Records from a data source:
*** Begin section ***

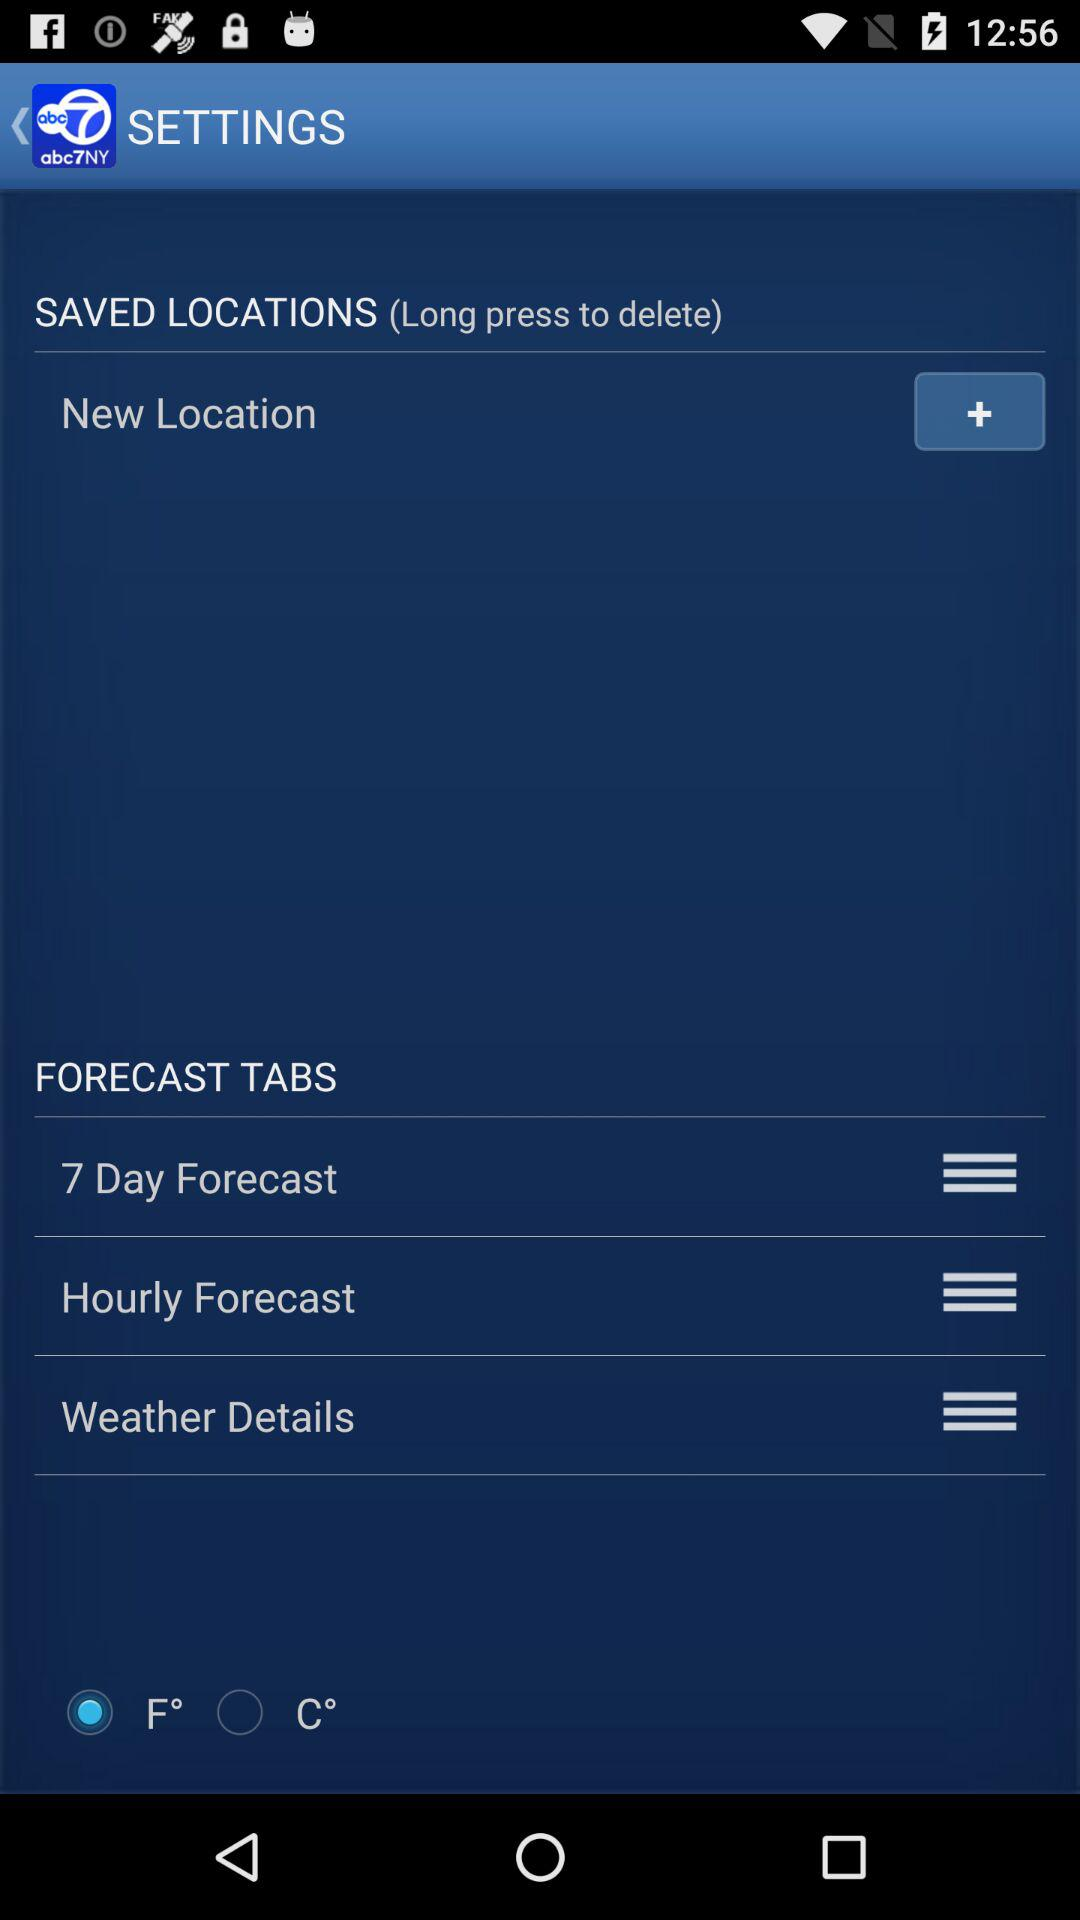What are the different categories in "FORECAST TABS"? The different categories in "FORECAST TABS" are "7 Days Forecast", "Hourly Forecast" and "Weather Details". 
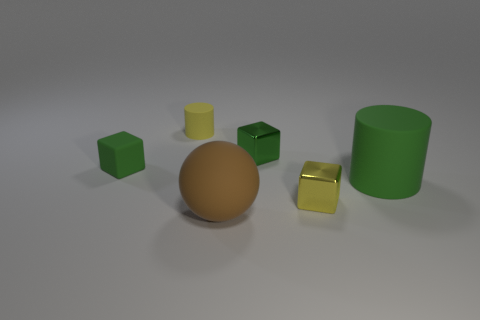Is there anything else that has the same shape as the big brown object?
Your answer should be very brief. No. Do the green rubber cylinder and the green metallic cube have the same size?
Give a very brief answer. No. There is a tiny cylinder; is it the same color as the big rubber thing that is on the right side of the big brown rubber object?
Provide a succinct answer. No. What shape is the tiny green thing that is made of the same material as the big green cylinder?
Provide a succinct answer. Cube. There is a small yellow thing that is in front of the small rubber cube; is it the same shape as the large green object?
Offer a terse response. No. There is a matte cylinder right of the metal block in front of the green matte cylinder; what size is it?
Your answer should be compact. Large. The other cube that is made of the same material as the yellow block is what color?
Your answer should be compact. Green. How many green matte things have the same size as the brown matte object?
Your answer should be compact. 1. How many yellow objects are either large matte blocks or small metallic objects?
Make the answer very short. 1. What number of things are either tiny green metal cubes or green cubes that are on the left side of the small matte cylinder?
Give a very brief answer. 2. 
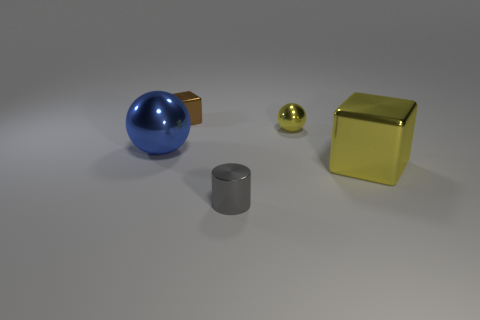Add 2 big yellow cubes. How many objects exist? 7 Subtract 1 cubes. How many cubes are left? 1 Subtract all cubes. How many objects are left? 3 Add 5 tiny spheres. How many tiny spheres exist? 6 Subtract 0 cyan balls. How many objects are left? 5 Subtract all yellow cubes. Subtract all gray cylinders. How many cubes are left? 1 Subtract all gray cylinders. How many yellow balls are left? 1 Subtract all large things. Subtract all brown things. How many objects are left? 2 Add 5 tiny brown metallic objects. How many tiny brown metallic objects are left? 6 
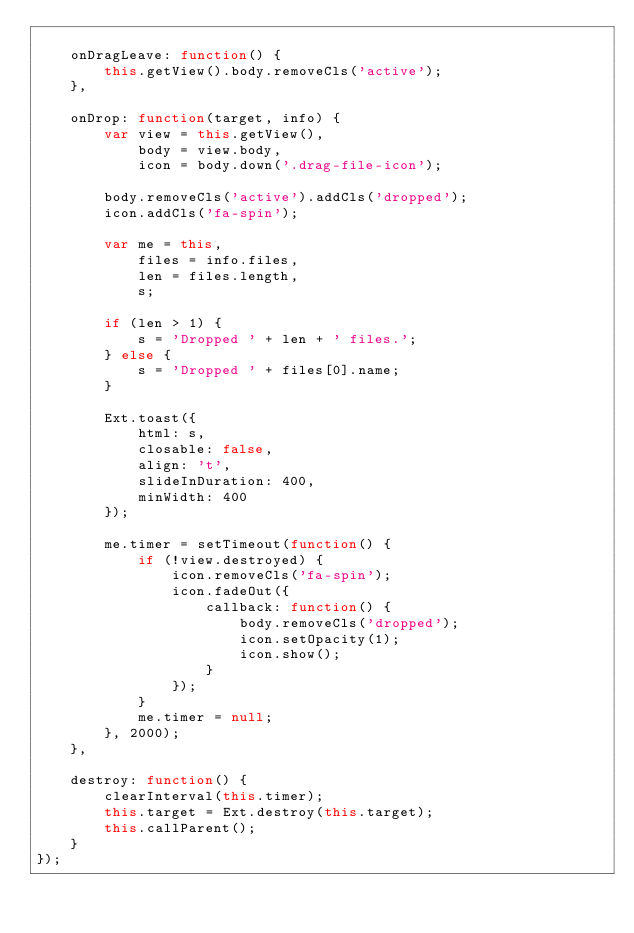Convert code to text. <code><loc_0><loc_0><loc_500><loc_500><_JavaScript_>
    onDragLeave: function() {
        this.getView().body.removeCls('active');
    },

    onDrop: function(target, info) {
        var view = this.getView(),
            body = view.body,
            icon = body.down('.drag-file-icon');

        body.removeCls('active').addCls('dropped');
        icon.addCls('fa-spin');

        var me = this,
            files = info.files,
            len = files.length,
            s;

        if (len > 1) {
            s = 'Dropped ' + len + ' files.';
        } else {
            s = 'Dropped ' + files[0].name;
        }

        Ext.toast({
            html: s,
            closable: false,
            align: 't',
            slideInDuration: 400,
            minWidth: 400
        });

        me.timer = setTimeout(function() {
            if (!view.destroyed) {
                icon.removeCls('fa-spin');
                icon.fadeOut({
                    callback: function() {
                        body.removeCls('dropped');
                        icon.setOpacity(1);
                        icon.show();
                    }
                });
            }
            me.timer = null;
        }, 2000);
    },

    destroy: function() {
        clearInterval(this.timer);
        this.target = Ext.destroy(this.target);
        this.callParent();
    }
});</code> 
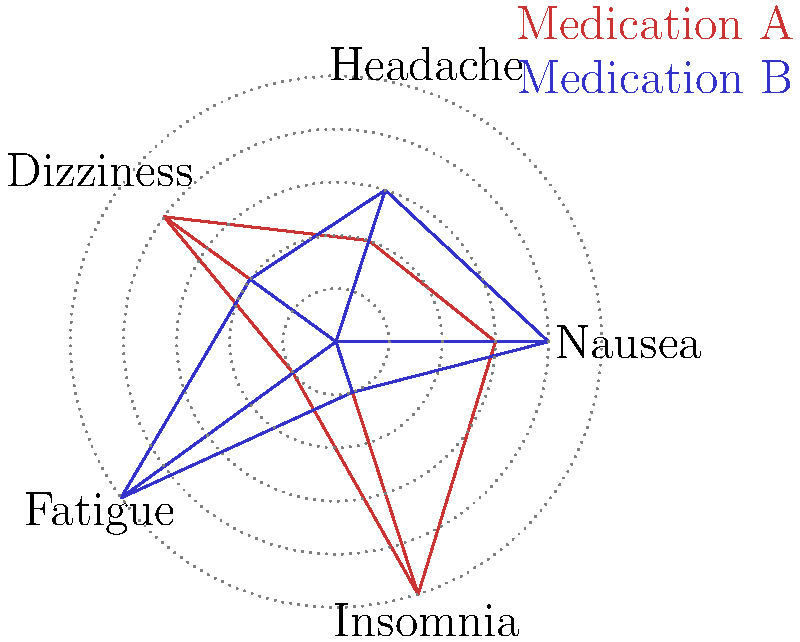Based on the vector radar chart comparing side effect profiles of Medication A and Medication B, which medication is more likely to cause fatigue in your loved one? To answer this question, we need to analyze the vector radar chart:

1. Identify the axis for fatigue:
   The chart has 5 axes, each representing a side effect. The "Fatigue" axis is located on the right side of the chart.

2. Compare the values for Medication A and Medication B on the fatigue axis:
   - Medication A (red): The line extends to the 1st concentric circle from the center.
   - Medication B (blue): The line extends to the 5th (outermost) concentric circle.

3. Interpret the chart:
   In this type of chart, a longer line indicates a higher likelihood or severity of the side effect.

4. Draw a conclusion:
   Since Medication B's line extends much further on the fatigue axis compared to Medication A, it indicates that Medication B is more likely to cause fatigue.

Therefore, based on the information provided in the vector radar chart, Medication B is more likely to cause fatigue in your loved one.
Answer: Medication B 
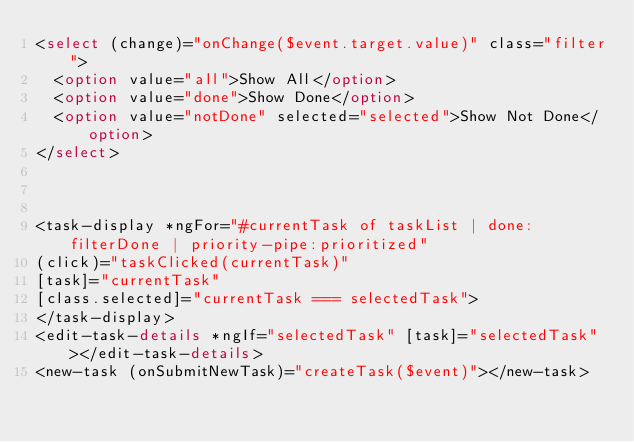Convert code to text. <code><loc_0><loc_0><loc_500><loc_500><_HTML_><select (change)="onChange($event.target.value)" class="filter">
  <option value="all">Show All</option>
  <option value="done">Show Done</option>
  <option value="notDone" selected="selected">Show Not Done</option>
</select>



<task-display *ngFor="#currentTask of taskList | done:filterDone | priority-pipe:prioritized"
(click)="taskClicked(currentTask)"
[task]="currentTask"
[class.selected]="currentTask === selectedTask">
</task-display>
<edit-task-details *ngIf="selectedTask" [task]="selectedTask"></edit-task-details>
<new-task (onSubmitNewTask)="createTask($event)"></new-task>
</code> 
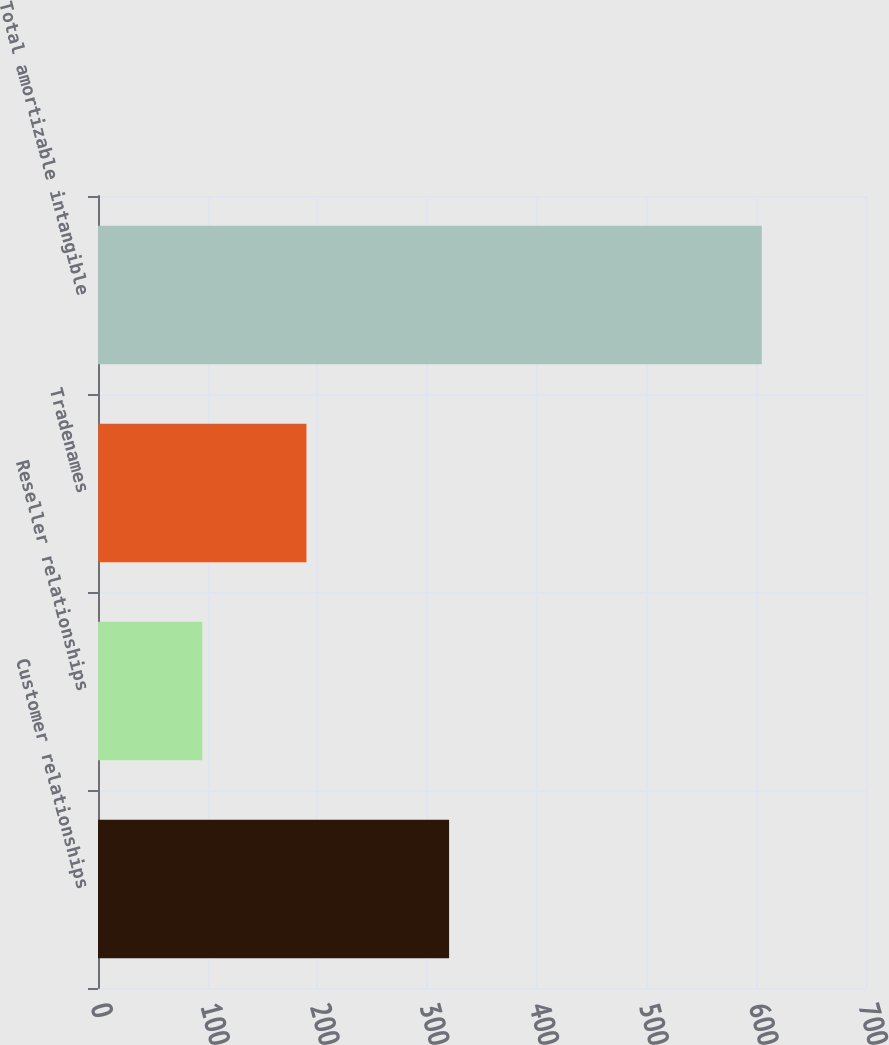Convert chart. <chart><loc_0><loc_0><loc_500><loc_500><bar_chart><fcel>Customer relationships<fcel>Reseller relationships<fcel>Tradenames<fcel>Total amortizable intangible<nl><fcel>320<fcel>95<fcel>190<fcel>605<nl></chart> 
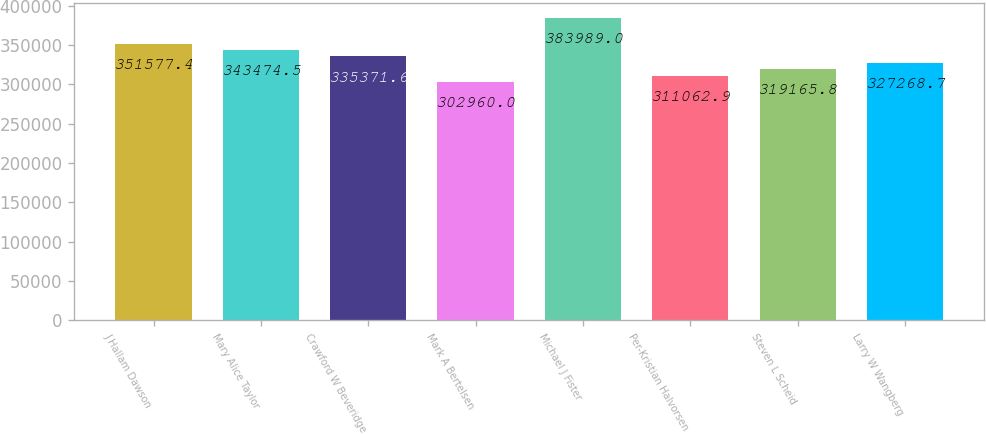<chart> <loc_0><loc_0><loc_500><loc_500><bar_chart><fcel>J Hallam Dawson<fcel>Mary Alice Taylor<fcel>Crawford W Beveridge<fcel>Mark A Bertelsen<fcel>Michael J Fister<fcel>Per-Kristian Halvorsen<fcel>Steven L Scheid<fcel>Larry W Wangberg<nl><fcel>351577<fcel>343474<fcel>335372<fcel>302960<fcel>383989<fcel>311063<fcel>319166<fcel>327269<nl></chart> 
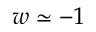Convert formula to latex. <formula><loc_0><loc_0><loc_500><loc_500>w \simeq - 1</formula> 
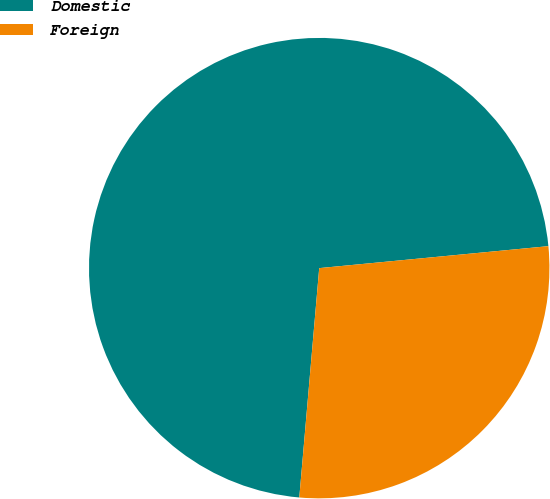Convert chart to OTSL. <chart><loc_0><loc_0><loc_500><loc_500><pie_chart><fcel>Domestic<fcel>Foreign<nl><fcel>72.1%<fcel>27.9%<nl></chart> 
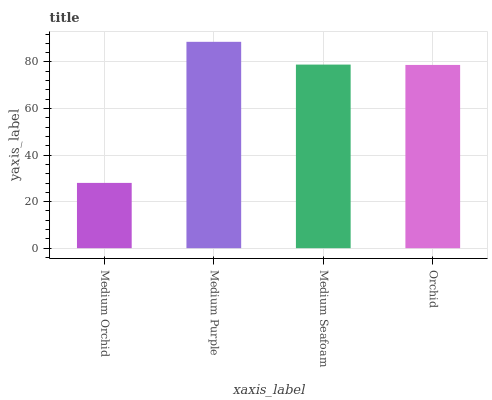Is Medium Orchid the minimum?
Answer yes or no. Yes. Is Medium Purple the maximum?
Answer yes or no. Yes. Is Medium Seafoam the minimum?
Answer yes or no. No. Is Medium Seafoam the maximum?
Answer yes or no. No. Is Medium Purple greater than Medium Seafoam?
Answer yes or no. Yes. Is Medium Seafoam less than Medium Purple?
Answer yes or no. Yes. Is Medium Seafoam greater than Medium Purple?
Answer yes or no. No. Is Medium Purple less than Medium Seafoam?
Answer yes or no. No. Is Medium Seafoam the high median?
Answer yes or no. Yes. Is Orchid the low median?
Answer yes or no. Yes. Is Medium Purple the high median?
Answer yes or no. No. Is Medium Purple the low median?
Answer yes or no. No.

*** End section ***

What to work on — Retype only this portion of the data above: the line containing "Answer yes or no. Yes. Is Medium Purple the maximum?", the line containing "Answer yes or no. No. Is Medium Purple greater", and all lines between them, exactly.

Solution to this problem —
Answer yes or no. Yes. Is Medium Purple the maximum?
Answer yes or no. Yes. Is Medium Seafoam the minimum?
Answer yes or no. No. Is Medium Seafoam the maximum?
Answer yes or no. No. Is Medium Purple greater than Medium Seafoam?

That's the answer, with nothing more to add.